Dès les premières semaines de cours à l’Institut d’Études Politiques de Bordeaux, j’ai compris que j’avais quelques manques en culture générale par rapport aux meilleurs élèves, alors que jusque-là je m’étais toujours cru plutôt lettré. J’ai donc remis sérieusement le nez dans les livres et j’ai bossé, ce qui n’a pu que faire du bien ! Mais à quel point (et comment…) cela a-t-il influencé mon écriture, je n’en sais rien. J’ai l’impression qu’à défaut de savoir mener de très grandes réflexions, j’ai toujours eu un certain sens de la formule. Il faut bien avoir ses petits talents !

Trouvez-vous que les médias jouent un rôle suffisant dans la sensibilisation au handicap ?

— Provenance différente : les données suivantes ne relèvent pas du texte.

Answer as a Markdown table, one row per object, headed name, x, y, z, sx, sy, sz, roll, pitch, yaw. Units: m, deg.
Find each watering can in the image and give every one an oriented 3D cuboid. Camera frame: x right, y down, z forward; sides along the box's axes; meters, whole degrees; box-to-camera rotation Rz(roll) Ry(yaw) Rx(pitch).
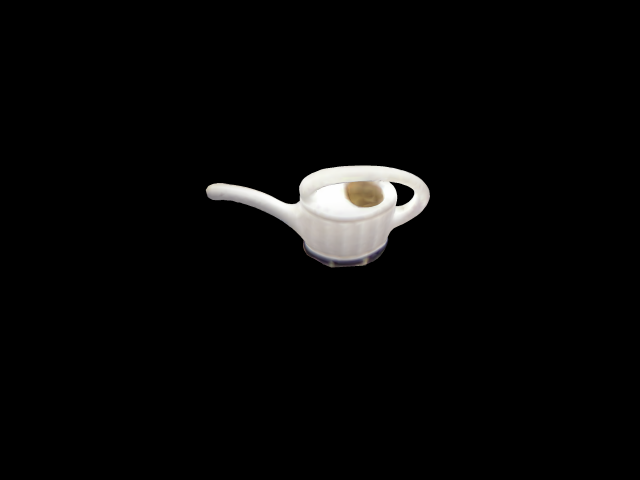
| name | x | y | z | sx | sy | sz | roll | pitch | yaw |
| --- | --- | --- | --- | --- | --- | --- | --- | --- | --- |
| watering can | 0.003 | -0.043 | 0.850 | 0.348 | 0.106 | 0.219 | -3 | -34 | -2 |
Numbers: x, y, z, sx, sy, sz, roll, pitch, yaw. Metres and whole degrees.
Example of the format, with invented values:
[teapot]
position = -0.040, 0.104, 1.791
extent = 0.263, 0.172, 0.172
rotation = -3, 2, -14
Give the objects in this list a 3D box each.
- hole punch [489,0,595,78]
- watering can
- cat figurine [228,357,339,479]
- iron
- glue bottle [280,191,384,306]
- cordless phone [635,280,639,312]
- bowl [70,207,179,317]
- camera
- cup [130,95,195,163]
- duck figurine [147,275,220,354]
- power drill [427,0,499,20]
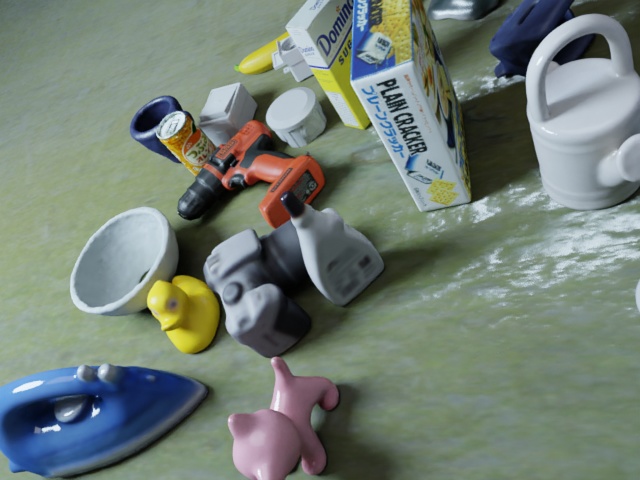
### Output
[hole punch]
position = 0.263, -0.258, 0.693
extent = 0.100, 0.091, 0.109
rotation = 28, 74, 41
[watering can]
position = 0.250, -0.118, 0.529
extent = 0.101, 0.195, 0.172
rotation = -44, 47, -4
[cat figurine]
position = -0.040, 0.174, 0.541
extent = 0.067, 0.118, 0.128
rotation = -8, 54, 26
[iron]
position = -0.276, 0.183, 0.657
extent = 0.258, 0.142, 0.118
rotation = -21, 49, 16
[glue bottle]
position = 0.006, 0.002, 0.600
extent = 0.078, 0.174, 0.037
rotation = -41, 47, -2
[cordless phone]
position = 0.295, 0.034, 0.399
extent = 0.094, 0.186, 0.147
rotation = -32, 47, 6
[bowl]
position = -0.256, 0.041, 0.794
extent = 0.167, 0.075, 0.167
rotation = -15, 51, 21
[camera]
position = -0.054, 0.036, 0.661
extent = 0.137, 0.101, 0.143
rotation = -33, 47, 6
[cup]
position = -0.231, -0.170, 0.918
extent = 0.117, 0.095, 0.092
rotation = 1, 59, 31
[duck figurine]
position = -0.177, 0.080, 0.711
extent = 0.077, 0.086, 0.104
rotation = -26, 48, 12
[power drill]
position = 0.164, -0.408, 0.780
extent = 0.228, 0.209, 0.076
rotation = 16, 67, 38
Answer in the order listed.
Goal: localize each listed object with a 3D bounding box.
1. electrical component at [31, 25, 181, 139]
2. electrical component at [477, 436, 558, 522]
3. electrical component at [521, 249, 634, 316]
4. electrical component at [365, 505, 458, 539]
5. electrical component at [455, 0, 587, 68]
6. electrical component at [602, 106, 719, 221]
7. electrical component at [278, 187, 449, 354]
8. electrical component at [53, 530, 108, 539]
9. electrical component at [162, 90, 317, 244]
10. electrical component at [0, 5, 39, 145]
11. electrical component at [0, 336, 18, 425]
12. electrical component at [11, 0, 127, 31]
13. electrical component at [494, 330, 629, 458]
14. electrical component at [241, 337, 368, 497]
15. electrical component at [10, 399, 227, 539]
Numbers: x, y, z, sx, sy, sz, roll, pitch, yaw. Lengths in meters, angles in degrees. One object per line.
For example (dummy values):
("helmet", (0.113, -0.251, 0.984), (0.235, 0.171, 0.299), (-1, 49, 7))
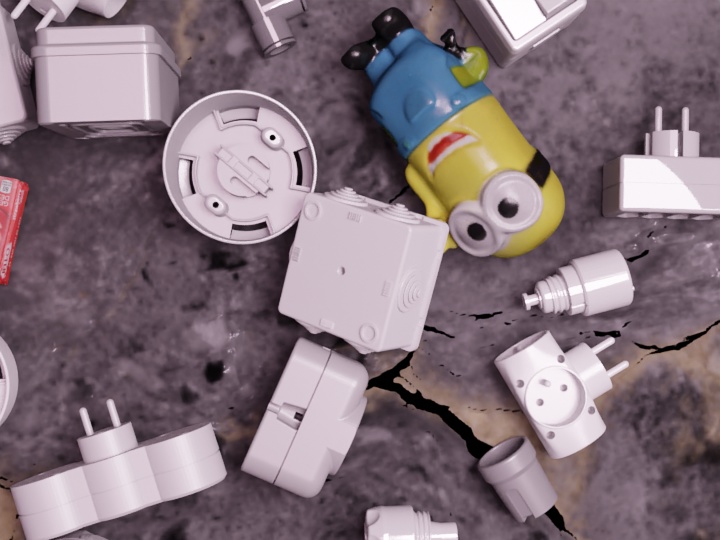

Je suis tétraplégique depuis plus de 40 ans et je peux donc témoigner de l’amélioration spectaculaire qui a eu lieu entre le début des années 80 et aujourd’hui. Au cinéma, à la télévision, dans la presse et même dans la littérature, le handicap est désormais un sujet fréquemment abordé et le grand public y est donc beaucoup mieux sensibilisé. On peut peut-être regretter que le handicap moteur ait pris pratiquement toute la place dans cette représentation médiatique, mais le succès du film « Un petit truc en plus » montre qu’un rééquilibrage est possible. C’est bien et il faut continuer dans cette voie !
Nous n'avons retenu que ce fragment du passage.